可見,用獎勵的方法激勵下屬辦事是非常有用的。當然,這種策略最好是用在公司運營不佳的時候,否則公司賺得盆滿缽滿,再用這種方法來激勵下屬,就隻能適得其反。
會授權,不事事躬行
領導,顧名思義,就是帶領、引導的人。領導的職責就是對潛在資源進行開發,對現有資源進行協調分配。
事必躬親的領導不是一個高明的領導,一個好領導懂得將權力下放,懂得將具體工作交給下屬去辦,懂得自己應站在一個高度上統籌全局。
《呂氏春秋·李賢》提出兩個達到“治之至”的方法:宓子賤和巫馬期先後治理單父,宓子賤治理時每天在堂上靜坐彈琴,沒見他做什麼,把單父就治理得相當不錯。巫馬期則披星戴月,早出晚歸,晝夜不閑,親自處理各種政務,單父也治理得不錯。兩個人兩種治法,一則事不躬親,一則事必躬親。
事不躬親是“古之能為君者”之法,它“係於論人,而佚於官事”,是“得其經也”;事必躬親是“不能為君者”之法,它“傷形費神愁心勞耳目”,是“不知要故也”。前者是使用人才,任人而治;後者是使用力氣,任力而治。前者是使用人才,當然可逸四肢,全耳目,平心氣,而百官以治;使用力氣則不然,敝生事端,勞手足,煩教詔,必然辛苦。
前人的這套說法今天仍有意義,其道理仍沒過時。領導的任務就應當是統領全局,抓緊大事,而不應將精力耗在細枝末節之上。細微之事可以交由下屬去處理。如果所有的人都去處理細節,那麼領導的作用又體現在何處呢?
《貞觀政要》記載:貞觀四年,唐太宗問蕭瑀:“隋文帝是什麼樣的君主?”蕭瑀回答說:“約束自己,符合禮儀,勤勤懇懇、不怕辛勞地思考治國。每次坐朝理事都很認真,有時到太陽西斜還不休息。凡五品以上官員,他都召見賜座,與他們一起共商國是,忘記吃飯時間,侍衛未得下牙,隻好立駐傳餐而食。雖然他的品性不算仁慈明智,也稱得上是個奮發有為、想把國家治理好的國君。”

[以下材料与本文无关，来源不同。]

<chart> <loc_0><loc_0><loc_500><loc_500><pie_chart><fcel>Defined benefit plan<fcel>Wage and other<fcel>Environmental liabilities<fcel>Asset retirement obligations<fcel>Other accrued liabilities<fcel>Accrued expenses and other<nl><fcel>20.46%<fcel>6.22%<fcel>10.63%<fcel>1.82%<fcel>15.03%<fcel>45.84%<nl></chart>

太宗說:“你隻知其一,不知其二。隋文帝這個人性格過於審細,而且不明事理。內心不明就察覺不出自己的過失,過於審細就會對人疑慮多端。他是欺負孤兒寡母而得天下的,所以不會有心虛之意,而對臣子的意見特別敏感,使得他整日疑慮重重,不肯輕易信任文武百官,事無巨細都要親自決策處理,雖然勞費精神、辛苦形體,終不能把所有的事處理得合情合理。朝中大臣既知他的心意,也就不敢直言勸諫。宰相以下官員,隻是奉承順旨罷了。我的看法就不這樣。天下這麼大,舉國之內人口這麼多,每天發生的事千頭萬緒,要不拘一法,靈活處理,凡事應文武百官商議,宰相認真籌劃,對於所要處理的事,能做到穩妥、便利,才可以呈奏施行。怎麼能把一天中需要處理的許許多多事情,讓一個人思考決斷呢!況且一天處理10件事,可能有5件出偏差,處理對的當然好,處理不對的怎麼辦呢?如此夜以繼日,錯誤可能會更多。哪比得上廣泛任用賢士良才,為自己分憂,為國謀福呢?於是命令所有官署,如果詔敕頒發下去有不穩妥或不便施行的,必須堅持己見上報,不能順從旨意,隨即施行。一定要盡到臣子的責任。
唐太宗這番話,體現了無為的用人原理。老子說:“治大國若烹小鮮。”煎炸小魚,需小心翼翼,不能急躁,不能經常翻動,一翻動就不能保全,小魚就會碎得不成形。所以,在帶領團隊做事時,必須走出事必躬親的誤區。你的身邊有許多的組織成員,他們每個人都有自己的優勢和強項,而你並非全知全能,為什麼不把工作交給最合適的人去做呢?這樣既發揮了組織成員的長處,激發了他們的積極性,又能出色地完成任務,可謂“一舉多得”,何樂而不為呢?